China Labour Bulletin is quoted in the following article. Copyright remains with the original publisher
By Christina Larson
October 15, 2014
China does not have large independent labor unions, yet the world’s second-largest economy has witnessed an increasing number of worker strikes over the past year.
According to an Oct. 14 report from the Hong Kong-based watchdog group China Labour Bulletin (CLB), the number of strikes and worker protests in the third quarter of 2014 was double the number of labor actions recorded in the same period last year: From July to September this year, the watchdog group recorded 372 strikes and worker protests across China, compared with 185 incidents over those months last year.
What’s more, the habit of organizing collective action—often through social media—is spreading beyond China’s traditional manufacturing hub of southern Guangdong province. While the number of strikes in Guangdong province has remained roughly the same, unrest has intensified in inland China. In 2013, Guangdong accounted for 35 percent of recorded labor actions vs. 19 percent this year.
Half of all recorded worker strikes and protests arose from disputes over late or unpaid wages—perhaps symptoms of economic troubles hitting manufacturers as well as tightening credit in China, according to CLB.

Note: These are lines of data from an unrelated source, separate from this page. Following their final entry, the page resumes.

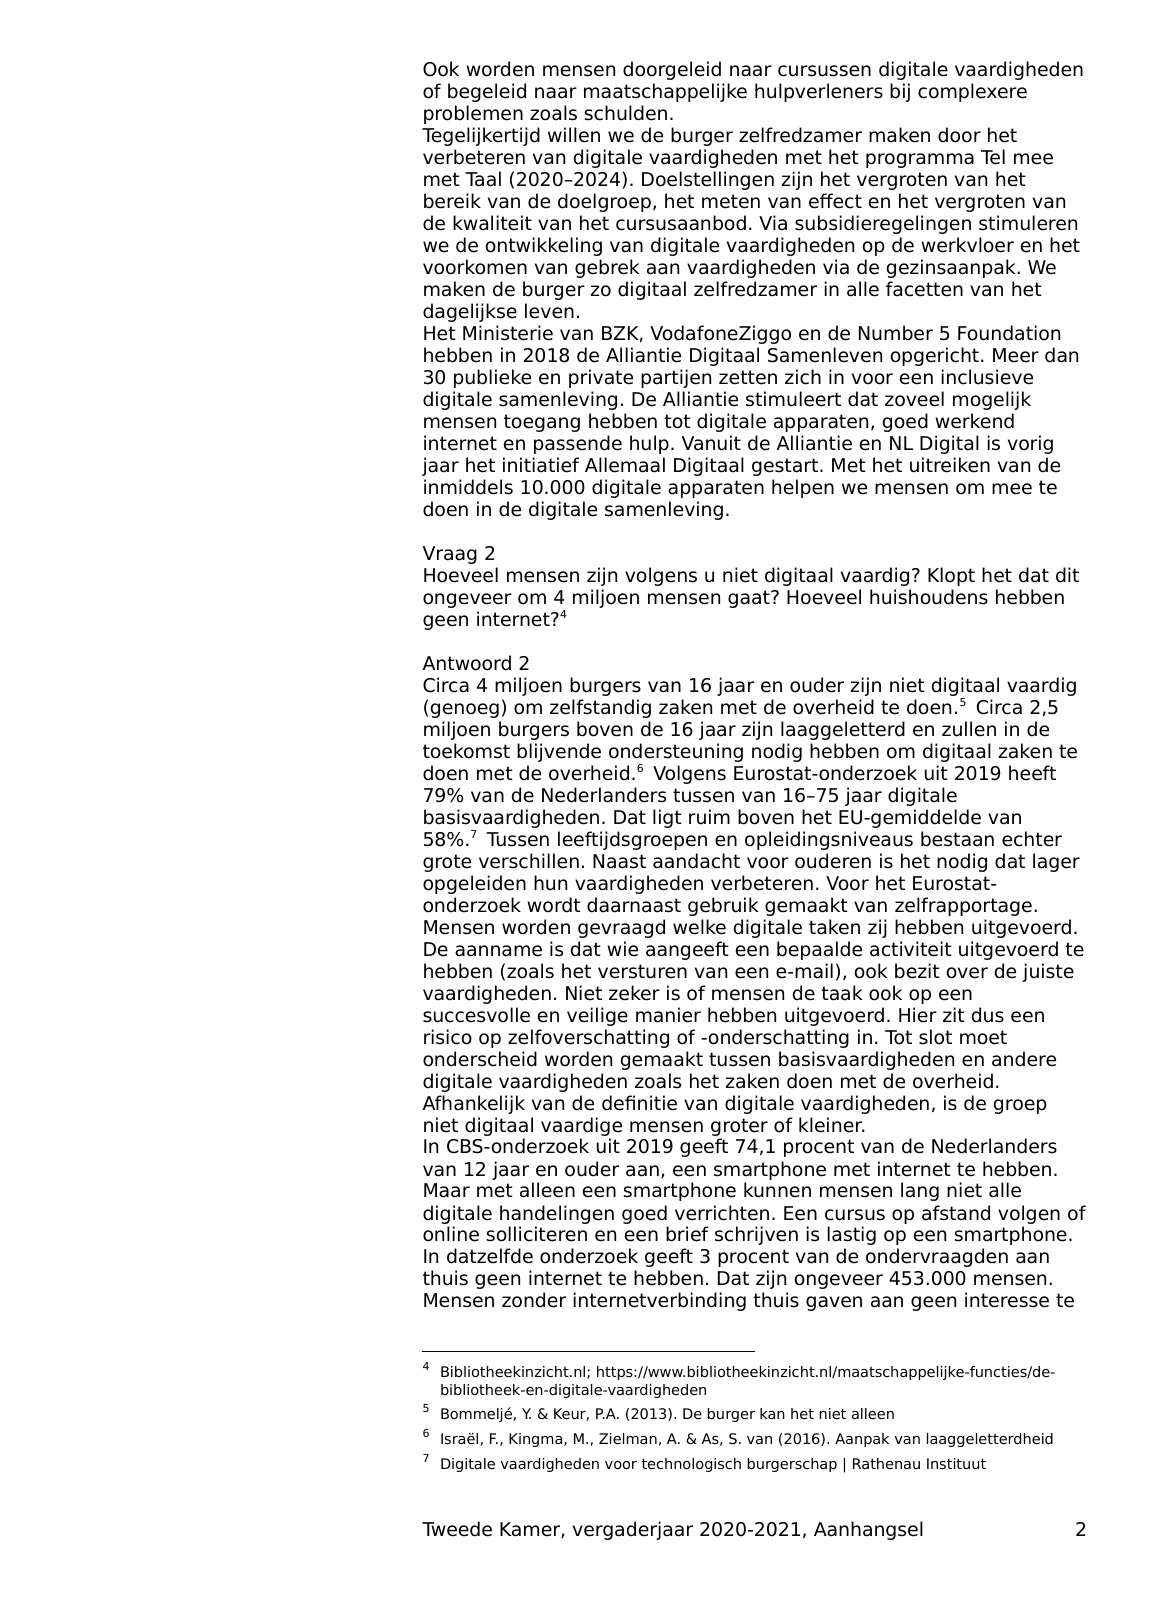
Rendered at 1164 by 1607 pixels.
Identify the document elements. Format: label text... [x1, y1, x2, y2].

text Vraag 2 [422, 543, 1087, 565]
text Israël, F., Kingma, M., Zielman, A. & As, S. van (2016). Aanpak van laaggeletterdheid [422, 1427, 1087, 1449]
text In CBS-onderzoek uit 2019 geeft 74,1 procent van de Nederlanders van 12 jaar en ouder aan, een smartphone met internet te hebben. Maar met alleen een smartphone kunnen mensen lang niet alle digitale handelingen goed verrichten. Een cursus op afstand volgen of online solliciteren en een brief schrijven is lastig op een smartphone. In datzelfde onderzoek geeft 3 procent van de ondervraagden aan thuis geen internet te hebben. Dat zijn ongeveer 453.000 mensen. Mensen zonder internetverbinding thuis gaven aan geen interesse te [422, 1136, 1087, 1312]
text Tegelijkertijd willen we de burger zelfredzamer maken door het verbeteren van digitale vaardigheden met het programma Tel mee met Taal (2020–2024). Doelstellingen zijn het vergroten van het bereik van de doelgroep, het meten van effect en het vergroten van de kwaliteit van het cursusaanbod. Via subsidieregelingen stimuleren we de ontwikkeling van digitale vaardigheden op de werkvloer en het voorkomen van gebrek aan vaardigheden via de gezinsaanpak. We maken de burger zo digitaal zelfredzamer in alle facetten van het dagelijkse leven. [422, 125, 1087, 323]
text Digitale vaardigheden voor technologisch burgerschap | Rathenau Instituut [422, 1452, 1087, 1474]
text Ook worden mensen doorgeleid naar cursussen digitale vaardigheden of begeleid naar maatschappelijke hulpverleners bij complexere problemen zoals schulden. [422, 59, 1087, 125]
text Circa 4 miljoen burgers van 16 jaar en ouder zijn niet digitaal vaardig (genoeg) om zelfstandig zaken met de overheid te doen. Circa 2,5 miljoen burgers boven de 16 jaar zijn laaggeletterd en zullen in de toekomst blijvende ondersteuning nodig hebben om digitaal zaken te doen met de overheid. Volgens Eurostat-onderzoek uit 2019 heeft 79% van de Nederlanders tussen van 16–75 jaar digitale basisvaardigheden. Dat ligt ruim boven het EU-gemiddelde van 58%. Tussen leeftijdsgroepen en opleidingsniveaus bestaan echter grote verschillen. Naast aandacht voor ouderen is het nodig dat lager opgeleiden hun vaardigheden verbeteren. Voor het Eurostat-onderzoek wordt daarnaast gebruik gemaakt van zelfrapportage. Mensen worden gevraagd welke digitale taken zij hebben uitgevoerd. De aanname is dat wie aangeeft een bepaalde activiteit uitgevoerd te hebben (zoals het versturen van een e-mail), ook bezit over de juiste vaardigheden. Niet zeker is of mensen de taak ook op een succesvolle en veilige manier hebben uitgevoerd. Hier zit dus een risico op zelfoverschatting of -onderschatting in. Tot slot moet onderscheid worden gemaakt tussen basisvaardigheden en andere digitale vaardigheden zoals het zaken doen met de overheid. Afhankelijk van de definitie van digitale vaardigheden, is de groep niet digitaal vaardige mensen groter of kleiner. [422, 675, 1087, 1136]
text Bommeljé, Y. & Keur, P.A. (2013). De burger kan het niet alleen [422, 1402, 1087, 1424]
text Hoeveel mensen zijn volgens u niet digitaal vaardig? Klopt het dat dit ongeveer om 4 miljoen mensen gaat? Hoeveel huishoudens hebben geen internet? [422, 565, 1087, 631]
text Bibliotheekinzicht.nl; https://www.bibliotheekinzicht.nl/maatschappelijke-functies/de-bibliotheek-en-digitale-vaardigheden [422, 1360, 1087, 1399]
text Het Ministerie van BZK, VodafoneZiggo en de Number 5 Foundation hebben in 2018 de Alliantie Digitaal Samenleven opgericht. Meer dan 30 publieke en private partijen zetten zich in voor een inclusieve digitale samenleving. De Alliantie stimuleert dat zoveel mogelijk mensen toegang hebben tot digitale apparaten, goed werkend internet en passende hulp. Vanuit de Alliantie en NL Digital is vorig jaar het initiatief Allemaal Digitaal gestart. Met het uitreiken van de inmiddels 10.000 digitale apparaten helpen we mensen om mee te doen in de digitale samenleving. [422, 323, 1087, 521]
text Antwoord 2 [422, 653, 1087, 675]

Also notable is the uptick in strikes led by construction workers, from just four demonstrations last summer to 55 this summer. Amid a slumping housing market, new home prices in August tumbled in 68 of 70 Chinese cities monitored by the government. As the CLB report explains, “Developers are saddled with declining sales, weaker credit availability, and continued pressure from local governments to buy land. In these situations, it is the construction workers who are always the last to be paid.”
China’s only official union is the government-linked All China Federation of Trade Unions, which lacks credibility with most workers. To date, it has only ever formally leant support to one worker strike, according to records reviewed by the liberal American Prospect magazine. Yet Chinese workers are increasingly organizing within their individual workplaces to press for higher wages, timely payments, and social security benefits. So far, these individual strikes have not coalesced into a broader, coordinated movement, which almost certainly would incur a speedy government crackdown.